As histórias que deixamos para depois

Carolina Bataier
2 min readMay 18, 2021

No começo do ano, no caminho para uma cachoeira, encontramos seu Zé Pedro sentado diante da roda d’água. Ele sorriu, parecia uma entidade. Nós seguimos a trilha.

Na volta, estava ele lá, bengala apoiada no banco e um companheiro de cada lado, papeando. Compramos doce de leite, pimenta e pastel. Antes de entrar no carro, voltei correndo. Pedi para tirar uma foto, ele assentiu com sorriso e aceno de cabeça. Comentei com quem me acompanhava: um dia quero voltar para ouvir as histórias desse homem. Atrás dele, água caindo e a roda girando.

Hoje, agorinha, ainda sem saber muito da história de seu Zé Pedro — mestre quilombola, expoente da cultura dos povos de Comunidades Tradicionais da Região Norte de Ubatuba, morador do Quilombo da Fazenda — soube que ele partiu.

A notícia me chega por numa dessas esquinas da internet e veio com a amargura das conversas que deixamos pra depois. Lembrei da foto.
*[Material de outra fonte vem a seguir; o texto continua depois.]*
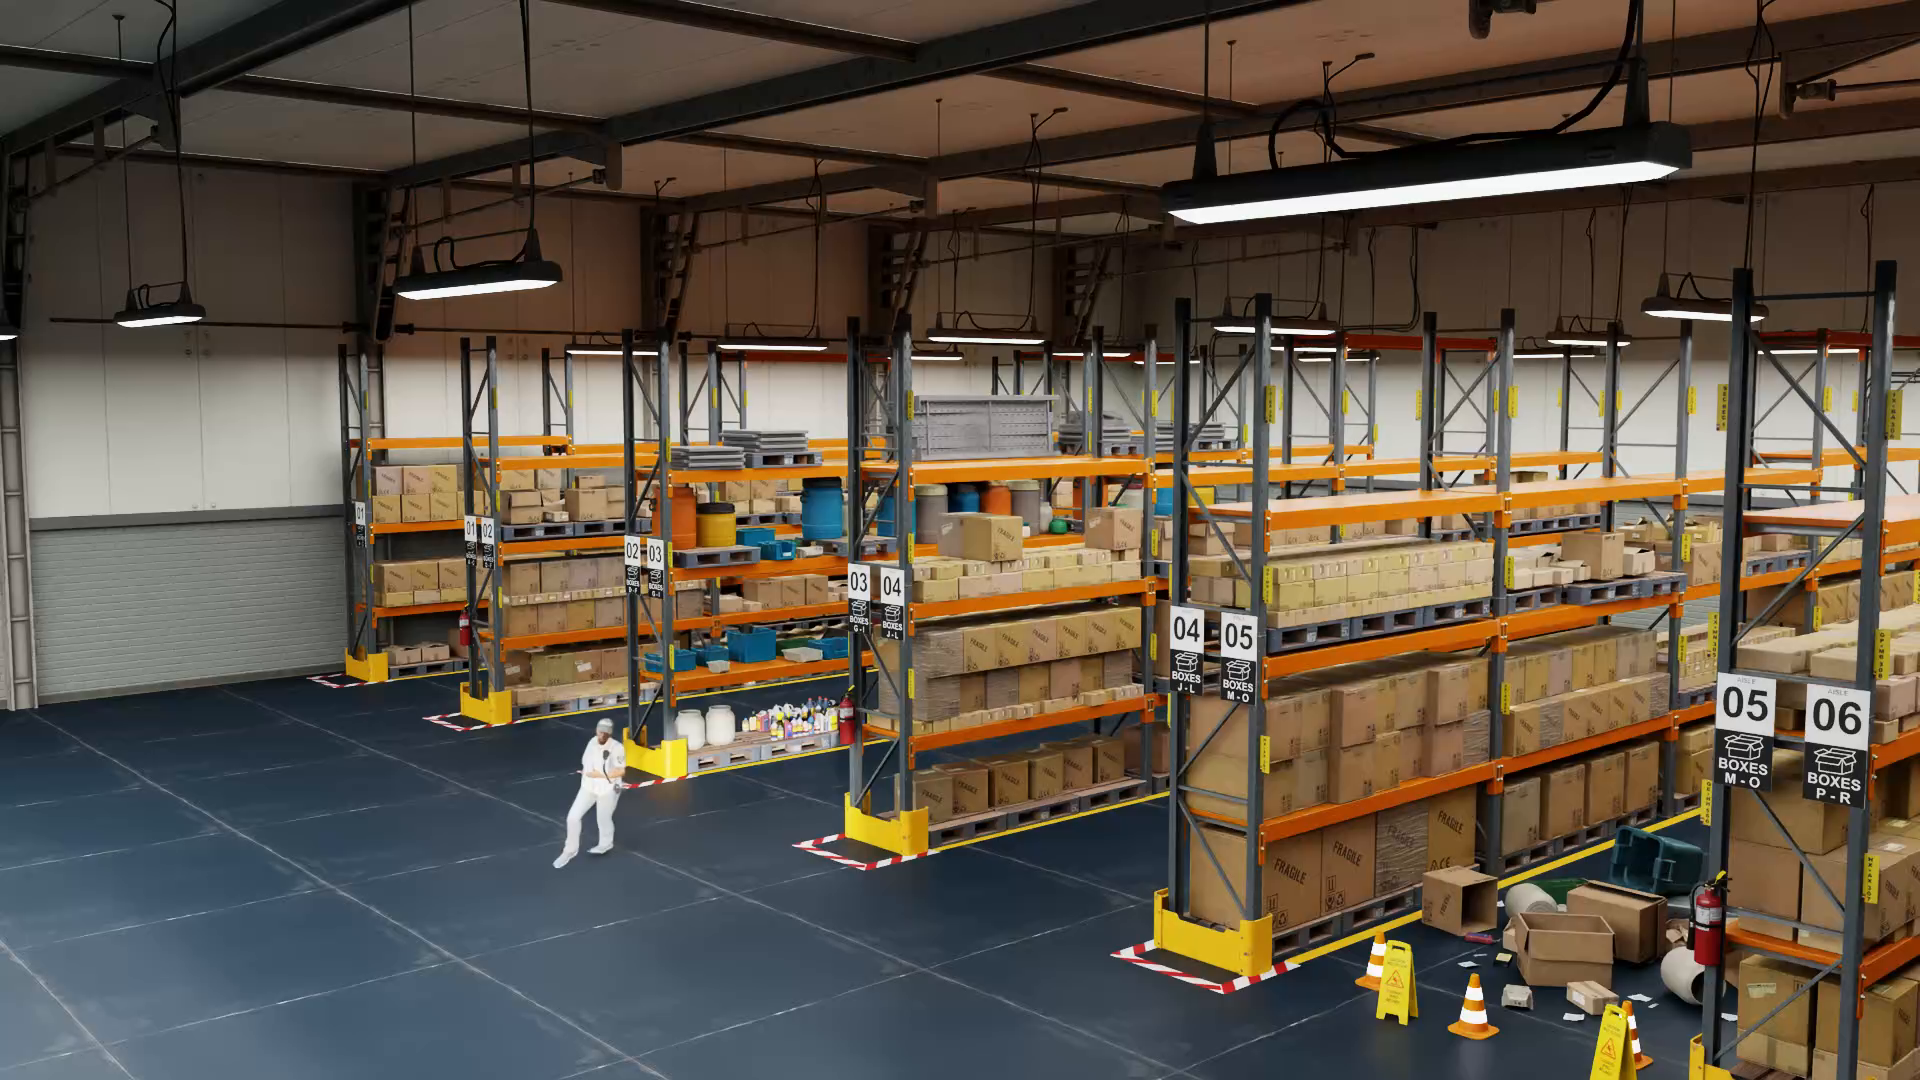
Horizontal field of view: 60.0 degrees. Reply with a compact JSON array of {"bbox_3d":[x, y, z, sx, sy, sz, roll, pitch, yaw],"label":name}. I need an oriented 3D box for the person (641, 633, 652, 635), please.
[{"bbox_3d":[-5.785,1.515,30.995,0.649,1.811,0.833,5,7,43],"label":"person"}]

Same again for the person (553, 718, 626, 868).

Lembrei também do podcast que escutei ontem, falando sobre a perda de capital humano neste momento de tantas partidas.

Pensei no quanto esse termo, capital humano, me parece ingênuo. É tecnicamente útil, deve haver muitos sentidos e justificativas atreladas a ele, mas remete às cifras. Nós, seres humanos, damos um jeito de verter tudo em cifras para encontrar algum sentido na vida que não volta.

Era mais ou menos disso que falava o podcast, do impacto das perdas humanas na economia. Deve ser esse um jeito bastante humano de desviar a atenção da realidade mais dolorosa destes tempos: nós estamos nos despedindo de histórias não contadas, não escutadas.